Work to complete: The output is the lines below from the one with "Answer: Social What" through the one with "How many different flowers are on the table?", both included, printed exactly and with no other line.

Records drawn from a dataset
=== Section Start ===
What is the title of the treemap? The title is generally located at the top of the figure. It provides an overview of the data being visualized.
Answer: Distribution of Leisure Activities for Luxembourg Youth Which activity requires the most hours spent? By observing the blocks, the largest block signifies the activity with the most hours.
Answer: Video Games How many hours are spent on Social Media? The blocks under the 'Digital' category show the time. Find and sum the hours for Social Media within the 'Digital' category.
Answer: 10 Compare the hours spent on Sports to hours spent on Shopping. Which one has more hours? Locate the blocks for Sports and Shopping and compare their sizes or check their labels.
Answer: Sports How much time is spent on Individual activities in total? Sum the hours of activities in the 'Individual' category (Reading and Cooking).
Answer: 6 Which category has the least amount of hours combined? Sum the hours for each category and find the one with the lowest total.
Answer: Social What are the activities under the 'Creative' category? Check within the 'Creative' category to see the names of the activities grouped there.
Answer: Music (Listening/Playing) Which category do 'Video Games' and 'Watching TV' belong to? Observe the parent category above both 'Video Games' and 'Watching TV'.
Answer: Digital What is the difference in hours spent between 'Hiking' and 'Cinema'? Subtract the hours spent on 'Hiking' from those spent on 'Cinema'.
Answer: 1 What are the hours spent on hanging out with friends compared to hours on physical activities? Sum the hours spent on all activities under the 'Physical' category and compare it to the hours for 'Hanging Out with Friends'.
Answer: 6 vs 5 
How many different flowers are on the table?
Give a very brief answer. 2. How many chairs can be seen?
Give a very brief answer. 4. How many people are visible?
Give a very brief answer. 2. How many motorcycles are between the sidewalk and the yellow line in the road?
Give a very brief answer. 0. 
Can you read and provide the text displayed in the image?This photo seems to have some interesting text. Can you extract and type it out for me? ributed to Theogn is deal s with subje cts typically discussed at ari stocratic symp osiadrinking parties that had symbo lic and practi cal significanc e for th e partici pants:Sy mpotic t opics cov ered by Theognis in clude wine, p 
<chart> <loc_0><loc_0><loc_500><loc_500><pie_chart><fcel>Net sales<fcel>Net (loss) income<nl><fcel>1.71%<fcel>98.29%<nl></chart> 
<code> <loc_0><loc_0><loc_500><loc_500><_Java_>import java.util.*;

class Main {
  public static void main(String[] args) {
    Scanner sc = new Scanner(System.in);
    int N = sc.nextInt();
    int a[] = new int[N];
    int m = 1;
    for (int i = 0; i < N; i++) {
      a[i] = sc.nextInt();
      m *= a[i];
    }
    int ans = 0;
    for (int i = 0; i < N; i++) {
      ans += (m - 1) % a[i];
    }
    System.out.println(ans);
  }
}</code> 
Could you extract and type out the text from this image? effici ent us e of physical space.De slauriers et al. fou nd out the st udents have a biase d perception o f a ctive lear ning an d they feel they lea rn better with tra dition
=== Section End ===
Expected output:
Answer: Social What are the activities under the 'Creative' category? Check within the 'Creative' category to see the names of the activities grouped there.
Answer: Music (Listening/Playing) Which category do 'Video Games' and 'Watching TV' belong to? Observe the parent category above both 'Video Games' and 'Watching TV'.
Answer: Digital What is the difference in hours spent between 'Hiking' and 'Cinema'? Subtract the hours spent on 'Hiking' from those spent on 'Cinema'.
Answer: 1 What are the hours spent on hanging out with friends compared to hours on physical activities? Sum the hours spent on all activities under the 'Physical' category and compare it to the hours for 'Hanging Out with Friends'.
Answer: 6 vs 5 
How many different flowers are on the table?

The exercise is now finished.